Aku terhenyak saat melihat kalender, sekarang adalah hari Jumat. Berarti ini adalah hari terakhir aku masih bisa mendambakan kehadiran Kak Babay sebagai sosok utuh, sebagai seorang laki-laki dewasa yang belum menikah. Besok dia akan menyandang status sebagai imam dari seorang perempuan bernama Anna Fitria itu. Dia adalah sosok yang ingin sekali kusingkirkan kehadirannya di hidup Kak Babay, calon Abi dari anak-anakku yang belum lahir. Ingin sekali kujambak dan kucakar-cakar tapi tak kuasa aku melakukannya. Kak Anna lebih baik dariku, dia lebih layak menjadi istri Kak Babay dibandingkan dengan diriku yang masih berlumur dosa.
Bakda melaksanakan salat Subuh, aku pamit kepada Bunda untuk kembali ke kamar, Roman-pun sudah kembali ke kamarnya untuk melanjutkan tidurnya setelah menjadi imam salat tadi. Nampaknya dia mengantuk sekali pagi ini, mungkin semalam tidur telat.
Aku berusaha menuangkan kembali kata menjadi kalimat dengan diksi yang mungkin menarik untuk dibaca. Sebuah telepon menggagalkan fokusku yang sedang menatap kursor di Lappy, walau tanpa ada satu katapun yang menggerakan jemari.
Tertulis nama Dinda Humaira di layar ponsel, ada apakah dia sepagi ini dia menelepon. Pasti ada sesuatu yang penting sekali, biasanya dia hanya chat saja. Aku menekan tombol loud speaker setelah sebelumnya menekan tombol hijau.
“Assalamualaikum, Ukhty Dinda,” ujarku.
“Waalaikumsalam warohmatullohi wabarokatuh, Gutten Morgen. Ana ganggu enggak, Raya?”
“Insyaallah enggak, aku lagi berusaha menulis bab baru.”
“Bab baru untuk novel anti?”
“Iya untuk novel, bukan bab baru untuk hidupku. Dinda,” terdengar tertawa di ujung sana, “sepertinya ada sesuatu yang penting jika pagi-pagi sudah menelepon.”
“Iya, penting banget, Raya. Afwan, mungkin ini di luar ranah ana, tapi semalam ana enggak bisa tidur memikirkan ini.”
“Tentang apa ‘ni, Dinda?”
“Tentang Pak Akbar, Eh, tentang pernikahan Pak Akbar maksudnya.”

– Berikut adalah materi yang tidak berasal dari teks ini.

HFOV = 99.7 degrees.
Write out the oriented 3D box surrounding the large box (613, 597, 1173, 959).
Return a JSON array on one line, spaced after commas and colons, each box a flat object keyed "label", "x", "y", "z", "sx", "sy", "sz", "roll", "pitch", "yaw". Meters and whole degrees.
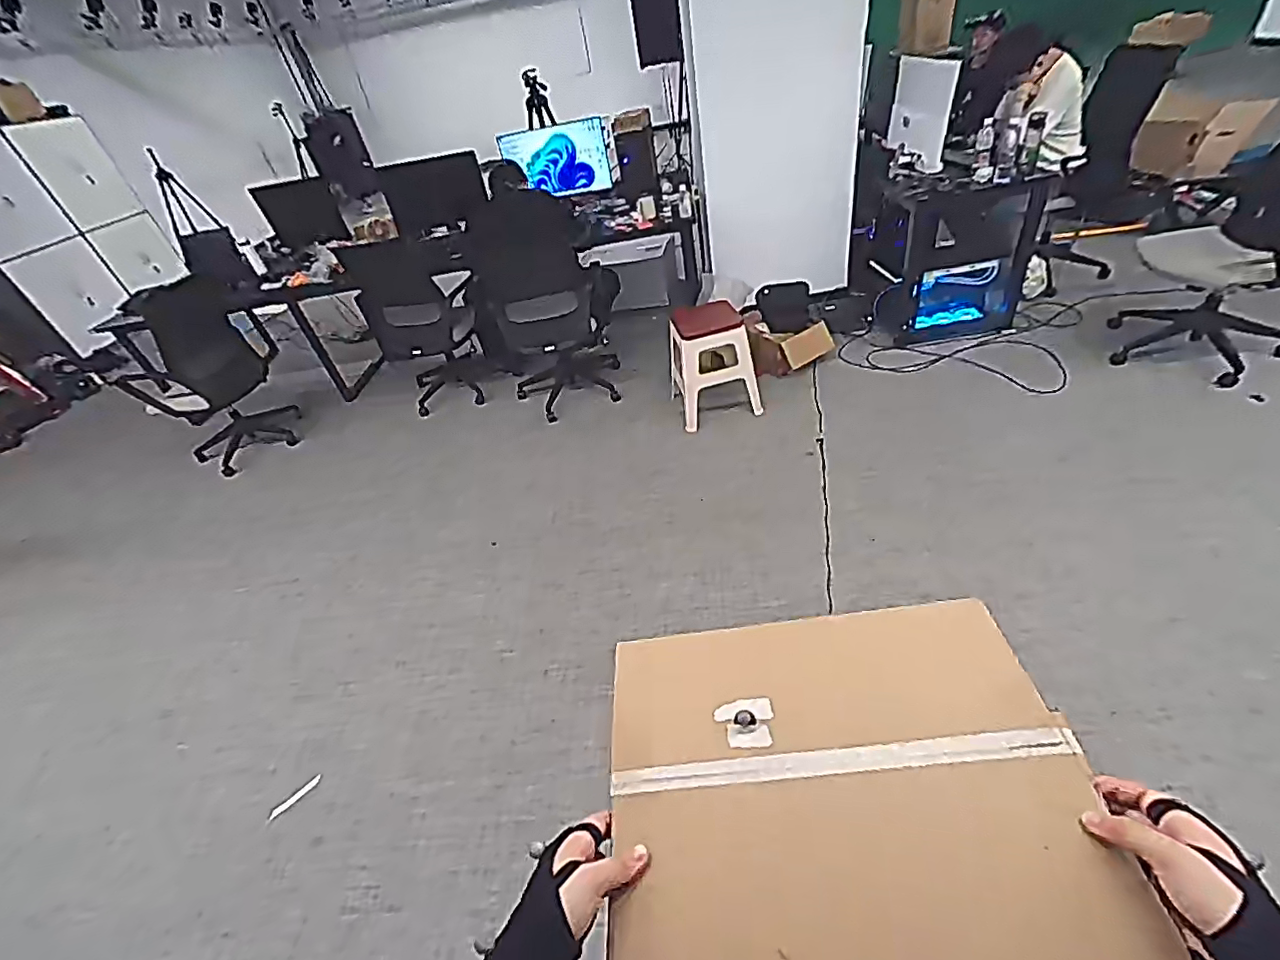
[{"label": "large box", "x": 0.206, "y": 0.373, "z": 0.598, "sx": 0.408, "sy": 0.320, "sz": 0.320, "roll": -11, "pitch": 38, "yaw": 9}]
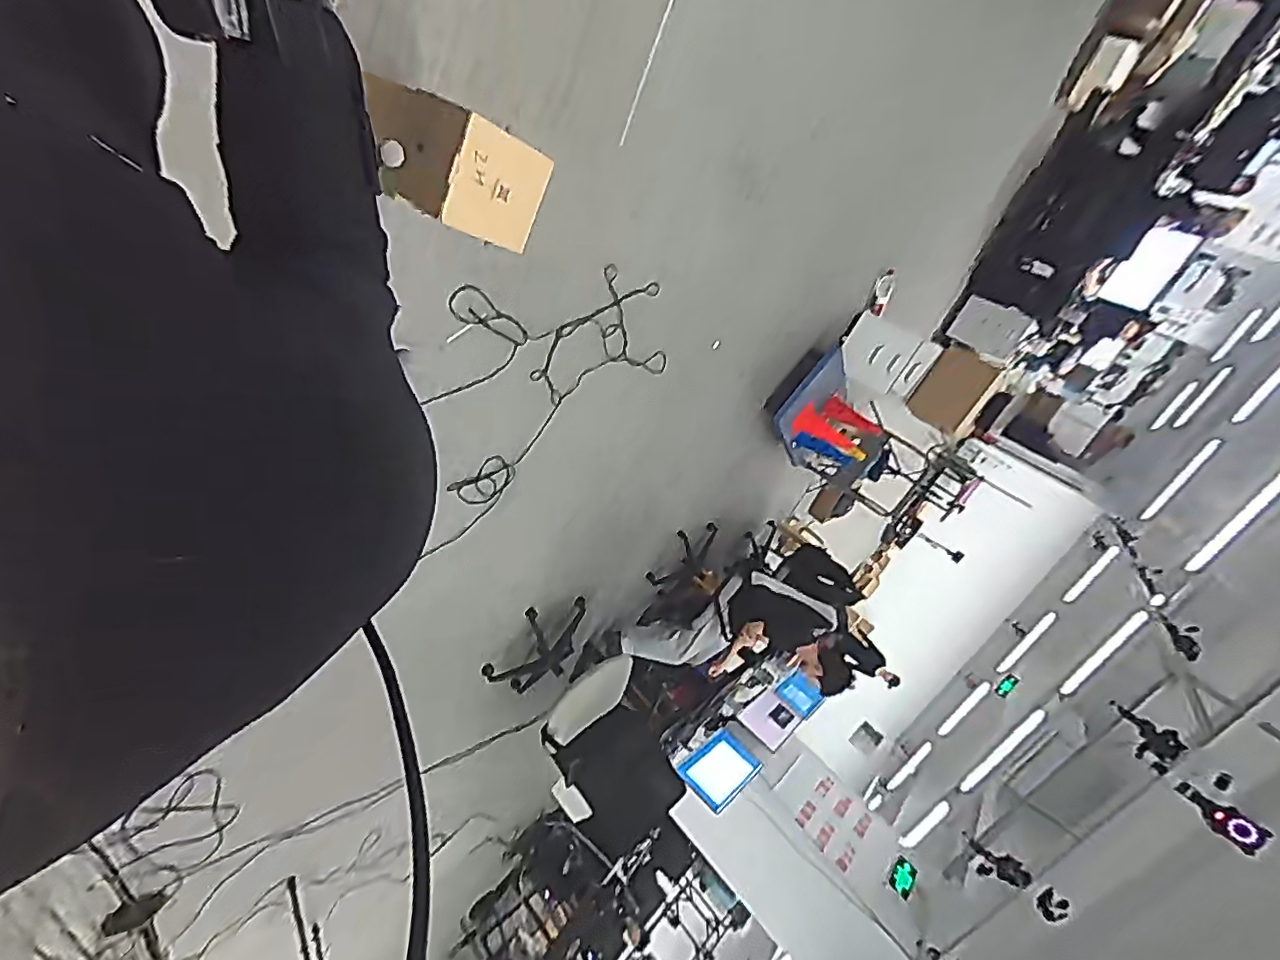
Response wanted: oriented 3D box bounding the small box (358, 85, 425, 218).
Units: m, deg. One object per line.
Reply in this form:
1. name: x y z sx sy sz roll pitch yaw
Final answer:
1. small box: -0.404 -0.597 1.017 0.168 0.176 0.179 -5 127 -53

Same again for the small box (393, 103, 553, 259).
1. small box: -0.289 -0.514 0.934 0.179 0.176 0.168 -3 126 -53

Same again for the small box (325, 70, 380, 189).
1. small box: -0.514 -0.685 1.101 0.168 0.176 0.179 -1 125 -54
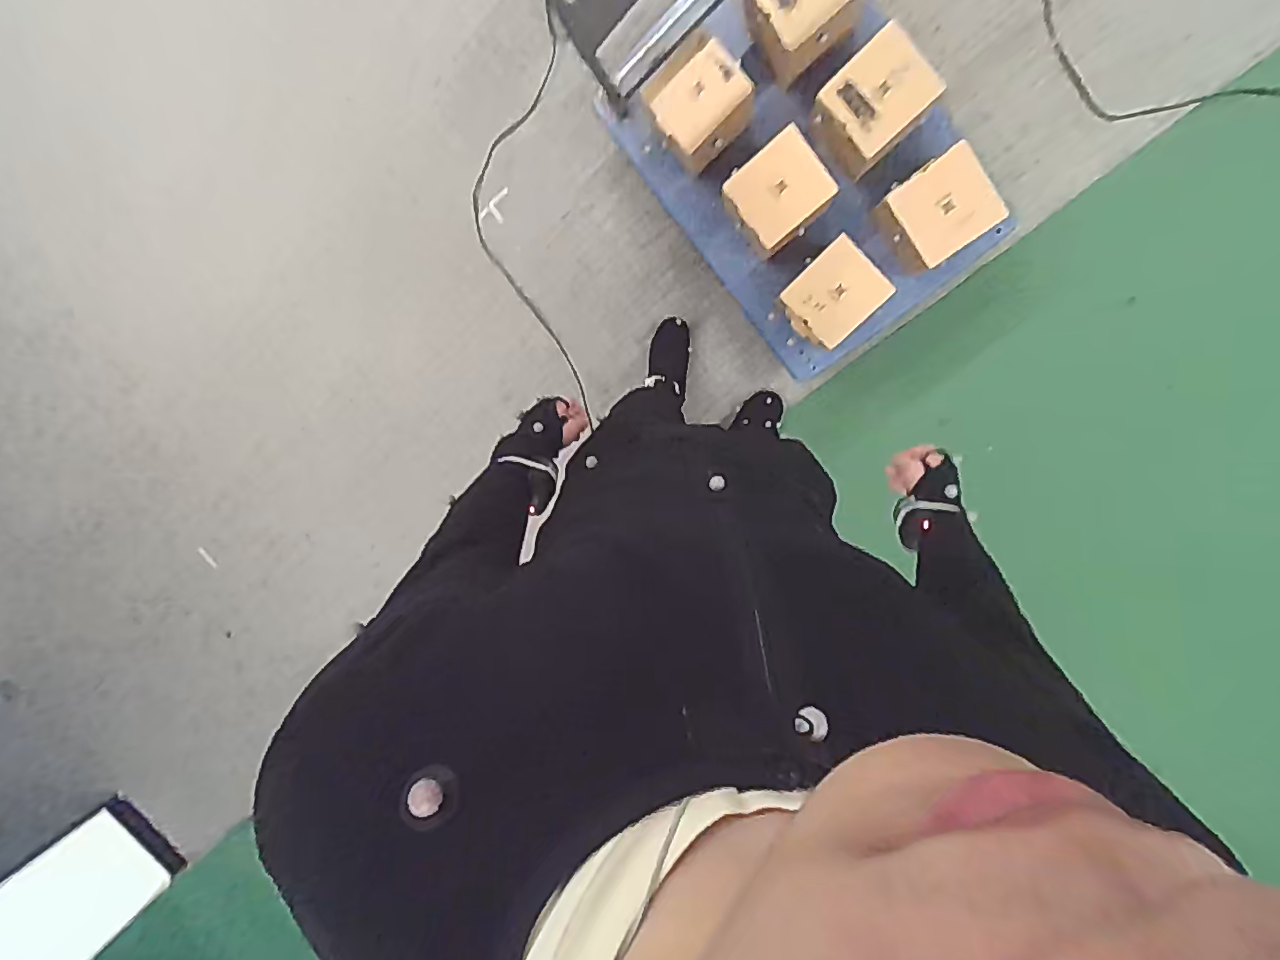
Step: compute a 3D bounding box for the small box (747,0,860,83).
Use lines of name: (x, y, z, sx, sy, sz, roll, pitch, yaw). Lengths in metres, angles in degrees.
small box: (0.330, -0.962, 1.092, 0.179, 0.176, 0.168, -34, 96, 17)

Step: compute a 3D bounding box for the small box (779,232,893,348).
small box: (0.425, -0.415, 1.210, 0.179, 0.176, 0.168, -36, 92, 18)

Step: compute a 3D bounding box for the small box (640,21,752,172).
small box: (0.129, -0.811, 1.170, 0.179, 0.176, 0.168, -39, 94, 18)

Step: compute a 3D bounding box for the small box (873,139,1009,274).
small box: (0.619, -0.560, 1.139, 0.168, 0.176, 0.179, -33, 95, 18)
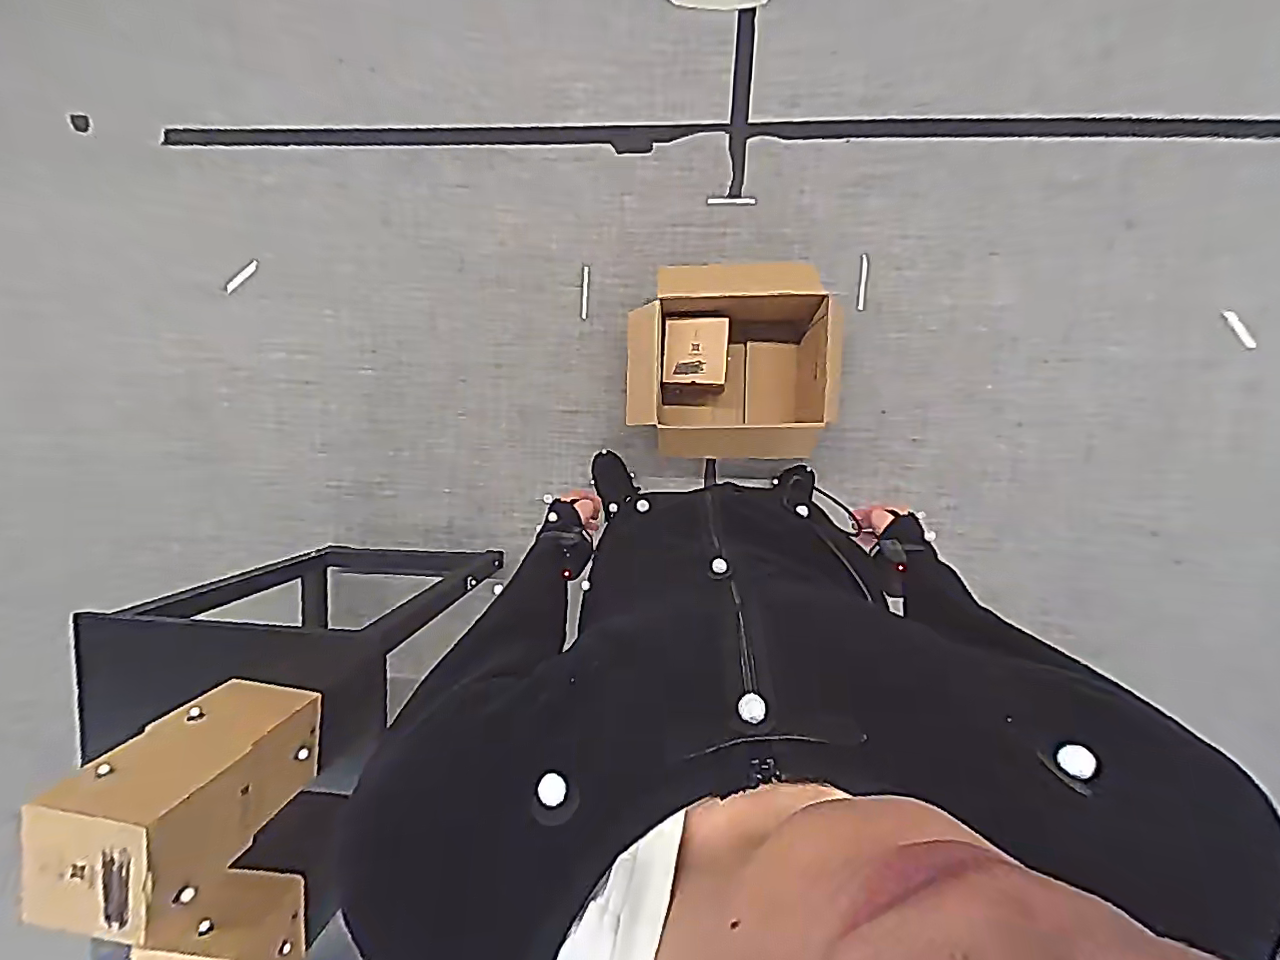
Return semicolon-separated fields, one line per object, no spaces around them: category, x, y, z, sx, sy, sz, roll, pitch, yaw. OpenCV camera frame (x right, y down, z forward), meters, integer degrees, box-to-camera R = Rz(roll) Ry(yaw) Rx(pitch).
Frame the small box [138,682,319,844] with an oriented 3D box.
small box;-0.682;0.462;0.910;0.179;0.176;0.168;8;97;4

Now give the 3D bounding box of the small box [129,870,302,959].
small box;-0.735;0.828;0.950;0.179;0.176;0.168;2;95;4

“Sudahlah Dinda, aku sepertinya tidak bisa melakukan apa-apa dengan yang akan terjadi besok. Kak Anna akan sah menjadi istri beliau besok.”
“Wait, ana baru menemukan sesuatu yang mungkin akan membuat anti terperangah. Hal ini mungkin saja bisa menyelamatkan kisah anti dengannya.”
“Maksud kamu gimana, Dinda Humaira yang manis?” ujarku masih bingung. Terdengar dia tertawa lagi di ujung sana.